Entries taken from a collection
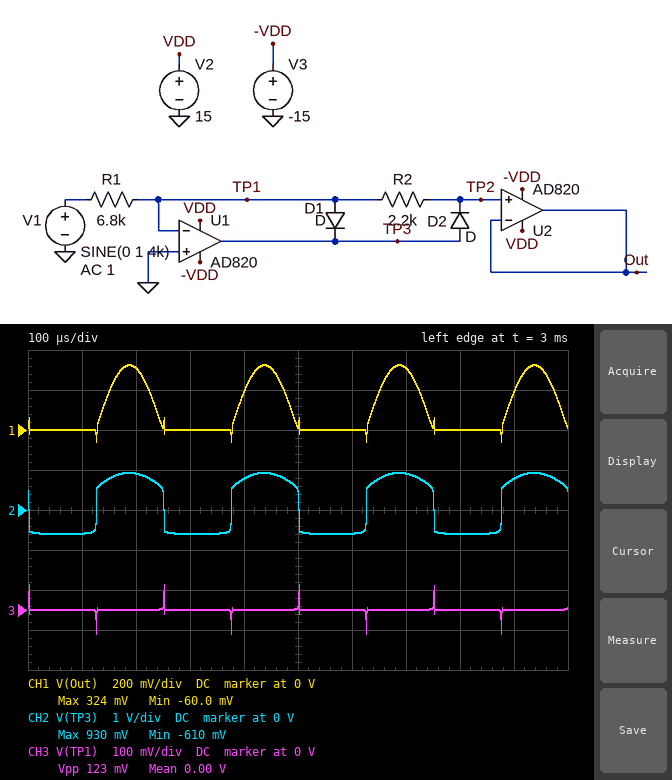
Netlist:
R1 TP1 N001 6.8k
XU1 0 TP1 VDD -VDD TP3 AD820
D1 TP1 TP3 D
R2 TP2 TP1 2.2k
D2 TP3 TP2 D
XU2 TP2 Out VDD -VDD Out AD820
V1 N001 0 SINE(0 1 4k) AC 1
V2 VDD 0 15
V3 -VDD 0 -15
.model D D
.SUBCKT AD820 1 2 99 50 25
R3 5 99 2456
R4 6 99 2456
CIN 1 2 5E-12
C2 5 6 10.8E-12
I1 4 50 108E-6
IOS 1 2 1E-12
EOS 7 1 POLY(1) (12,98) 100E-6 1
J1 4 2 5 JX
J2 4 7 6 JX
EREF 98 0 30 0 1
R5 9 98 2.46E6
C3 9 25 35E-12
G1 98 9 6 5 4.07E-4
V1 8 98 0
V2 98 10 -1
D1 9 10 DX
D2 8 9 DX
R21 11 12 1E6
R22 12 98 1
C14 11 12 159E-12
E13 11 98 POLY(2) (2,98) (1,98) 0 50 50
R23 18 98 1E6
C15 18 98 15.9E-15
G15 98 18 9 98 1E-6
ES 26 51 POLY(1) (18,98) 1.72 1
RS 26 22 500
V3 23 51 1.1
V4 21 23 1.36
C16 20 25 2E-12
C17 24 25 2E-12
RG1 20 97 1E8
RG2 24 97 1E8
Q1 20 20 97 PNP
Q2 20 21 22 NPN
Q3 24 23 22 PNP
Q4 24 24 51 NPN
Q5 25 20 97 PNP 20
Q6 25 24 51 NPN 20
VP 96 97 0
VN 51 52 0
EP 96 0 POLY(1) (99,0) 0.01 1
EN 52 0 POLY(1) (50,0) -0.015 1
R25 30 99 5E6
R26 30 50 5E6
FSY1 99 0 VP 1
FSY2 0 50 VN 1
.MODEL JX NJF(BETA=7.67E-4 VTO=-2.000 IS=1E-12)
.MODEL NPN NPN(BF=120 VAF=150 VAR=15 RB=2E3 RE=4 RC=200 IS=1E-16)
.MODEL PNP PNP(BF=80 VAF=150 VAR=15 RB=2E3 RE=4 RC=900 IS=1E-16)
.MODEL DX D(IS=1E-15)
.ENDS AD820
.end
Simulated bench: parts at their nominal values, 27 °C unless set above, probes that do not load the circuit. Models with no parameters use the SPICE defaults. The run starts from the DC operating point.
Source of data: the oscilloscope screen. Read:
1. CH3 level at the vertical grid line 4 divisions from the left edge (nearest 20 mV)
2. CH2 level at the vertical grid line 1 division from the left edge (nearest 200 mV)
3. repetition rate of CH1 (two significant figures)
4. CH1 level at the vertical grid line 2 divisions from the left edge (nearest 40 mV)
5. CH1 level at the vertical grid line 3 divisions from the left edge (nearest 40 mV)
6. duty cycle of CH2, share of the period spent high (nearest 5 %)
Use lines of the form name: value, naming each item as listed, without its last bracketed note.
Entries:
CH3 level at the vertical grid line 4 divisions from the left edge: 0 V
CH2 level at the vertical grid line 1 division from the left edge: -600 mV
repetition rate of CH1: 4.0 kHz
CH1 level at the vertical grid line 2 divisions from the left edge: 320 mV
CH1 level at the vertical grid line 3 divisions from the left edge: 0 V
duty cycle of CH2, share of the period spent high: 50 %
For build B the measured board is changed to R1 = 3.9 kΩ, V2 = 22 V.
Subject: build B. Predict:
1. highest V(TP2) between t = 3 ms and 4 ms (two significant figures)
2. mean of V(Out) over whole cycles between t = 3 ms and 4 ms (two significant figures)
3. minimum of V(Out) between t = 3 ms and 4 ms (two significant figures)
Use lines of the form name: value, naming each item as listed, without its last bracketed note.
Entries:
highest V(TP2) between t = 3 ms and 4 ms: 560 mV
mean of V(Out) over whole cycles between t = 3 ms and 4 ms: 180 mV
minimum of V(Out) between t = 3 ms and 4 ms: -62 mV
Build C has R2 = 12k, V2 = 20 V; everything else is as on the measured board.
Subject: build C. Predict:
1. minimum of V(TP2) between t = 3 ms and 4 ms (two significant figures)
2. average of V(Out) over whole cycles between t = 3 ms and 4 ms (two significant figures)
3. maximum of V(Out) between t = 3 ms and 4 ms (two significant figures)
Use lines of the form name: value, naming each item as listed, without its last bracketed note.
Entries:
minimum of V(TP2) between t = 3 ms and 4 ms: -61 mV
average of V(Out) over whole cycles between t = 3 ms and 4 ms: 560 mV
maximum of V(Out) between t = 3 ms and 4 ms: 1.8 V
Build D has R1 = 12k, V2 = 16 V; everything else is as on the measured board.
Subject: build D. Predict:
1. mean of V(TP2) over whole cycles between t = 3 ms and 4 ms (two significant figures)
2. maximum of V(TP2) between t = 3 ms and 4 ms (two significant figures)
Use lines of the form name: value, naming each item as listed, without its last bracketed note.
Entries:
mean of V(TP2) over whole cycles between t = 3 ms and 4 ms: 58 mV
maximum of V(TP2) between t = 3 ms and 4 ms: 180 mV
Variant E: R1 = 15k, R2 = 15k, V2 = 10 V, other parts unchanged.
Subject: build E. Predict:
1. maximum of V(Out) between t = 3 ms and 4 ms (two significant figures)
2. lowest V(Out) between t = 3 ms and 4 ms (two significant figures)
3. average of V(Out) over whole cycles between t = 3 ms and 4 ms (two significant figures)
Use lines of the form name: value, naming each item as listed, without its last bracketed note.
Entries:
maximum of V(Out) between t = 3 ms and 4 ms: 1.0 V
lowest V(Out) between t = 3 ms and 4 ms: -59 mV
average of V(Out) over whole cycles between t = 3 ms and 4 ms: 320 mV

## Exercise instructions
Extract every line of the records above that contains the word "nearest".

## Exercise answer
1. CH3 level at the vertical grid line 4 divisions from the left edge (nearest 20 mV)
2. CH2 level at the vertical grid line 1 division from the left edge (nearest 200 mV)
4. CH1 level at the vertical grid line 2 divisions from the left edge (nearest 40 mV)
5. CH1 level at the vertical grid line 3 divisions from the left edge (nearest 40 mV)
6. duty cycle of CH2, share of the period spent high (nearest 5 %)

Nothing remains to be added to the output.